In a large bowl add whole wheat flour, salt, spices, cumin if using and mix well.

Add dill leaves, oil and mix with your fingers.Add water as needed and knead until it forms a soft non sticky dough.

Divide the dough into equal sized balls.  With the help of a little flour roll out into a circle of desired thickness. Heat a flat pan/ griddle/ tawa. Place rolled out dough on it and cook until the lower side has brownish spots on it, flip over and cook the other side until it has brown spots on it. If you wish you can apply a few drops of oil or ghee to the side facing upwards. Flip over for a few seconds and remove from heat.

Serve hot with dhal of choice, curry of choice or some raita.

The oil/ ghee to be applied on the rotis is optional. When I plan to serve it immediately, I skip this sometimes and it tastes just as good. I do apply a little oil/ ghee when I plan to make this for the lunchbox or if I plan to serve it a little later.

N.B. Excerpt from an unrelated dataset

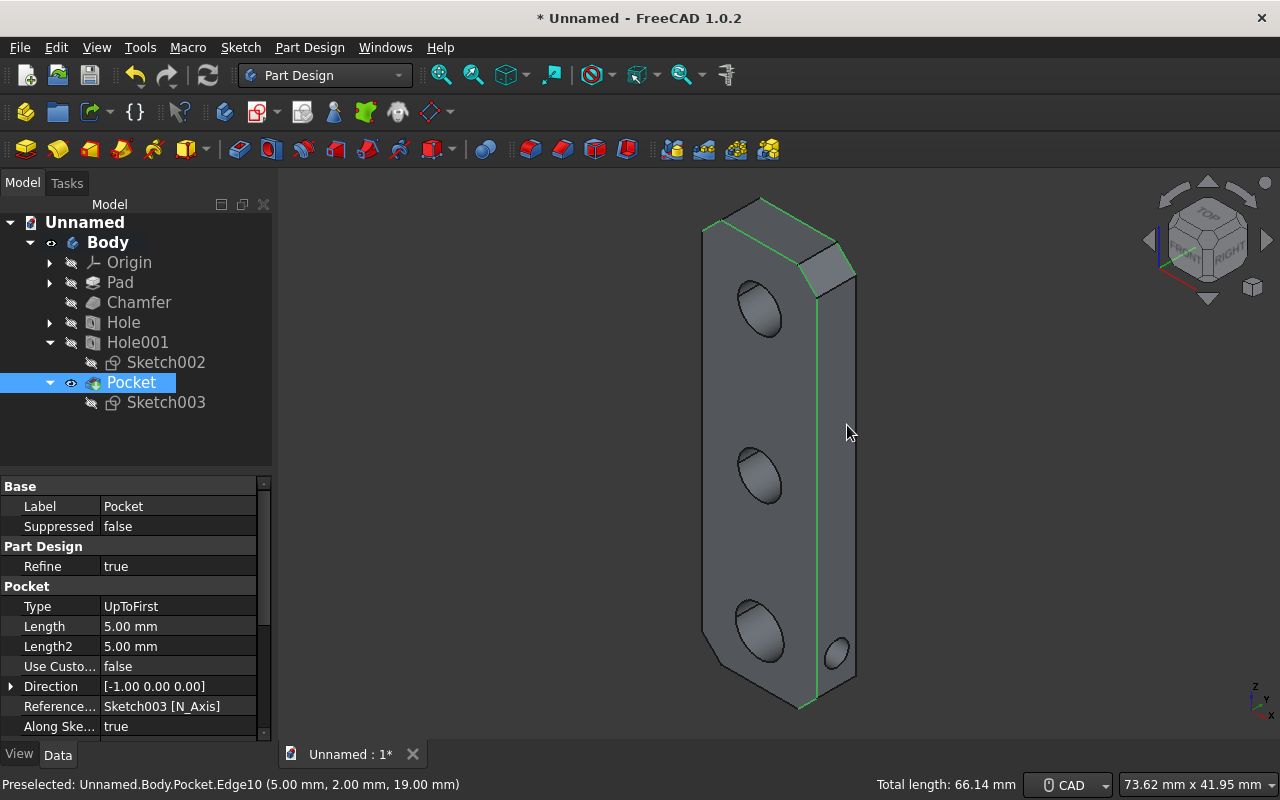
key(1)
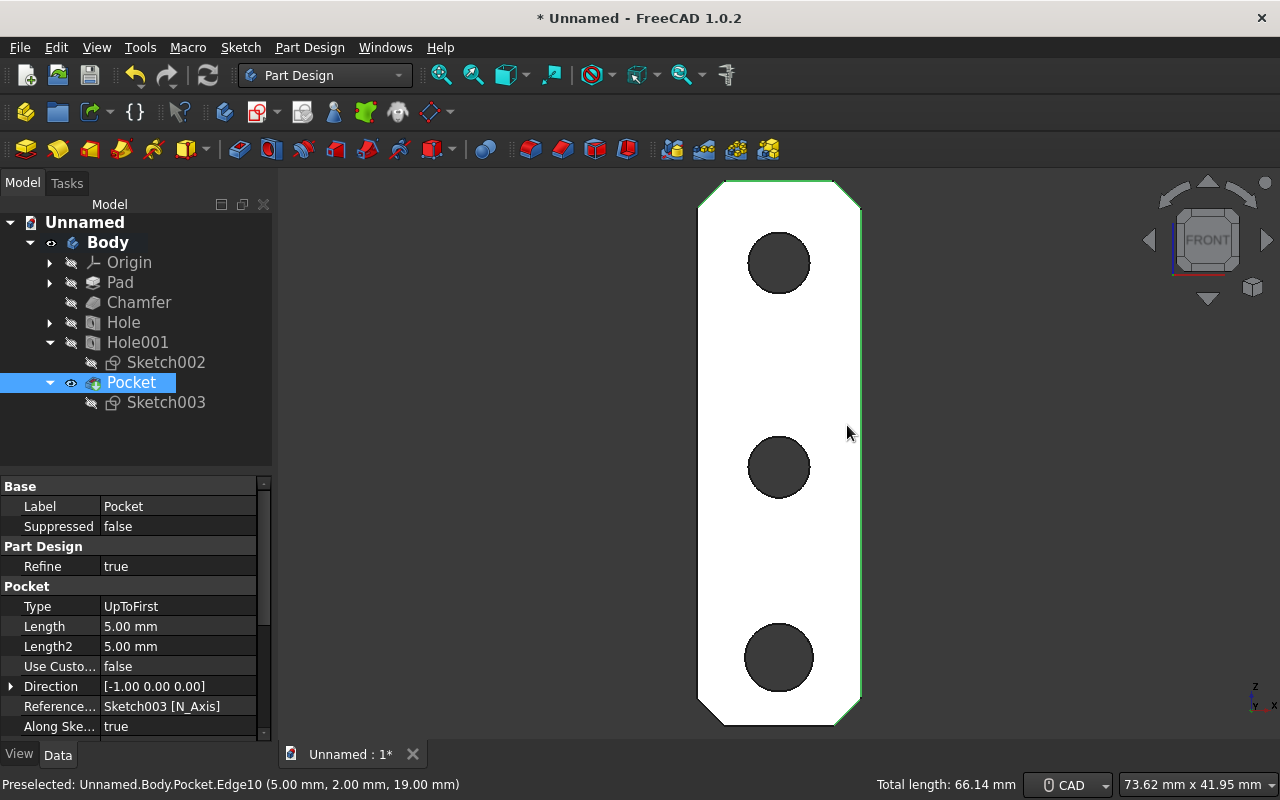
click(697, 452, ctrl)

If you are looking for roti varieties, here are a few more

Spring onion/ Hare Pyaaz Roti

Carrot Roti ~ Gajar Roti

Avocado Roti 

Read more ...

Tuesday, January 12, 2016

Rich cardamom chai tea ~ Elaichi Chai

Wish all my readers a very happy and joyous new year. Hope you all had a good start to the year. Sorry I haven't been very active in this space for the last few months. Every time I make something new that I love, I keep thinking I should blog about it, but finding the time to take pictures can get difficult and I end up putting off the post for a little more time. One of my new year resolutions is to post more often in this space *** keeping my fingers crossed ***

Moving on, in keeping with the tradition of this space, I am kicking things off this year with this rich cardamom chai tea.  This tea has a rich, fragrant, slightly sweet flavor and taste. It makes for a nice finish to an Indian themed lunch when entertaining guests or when you want to indulge a little.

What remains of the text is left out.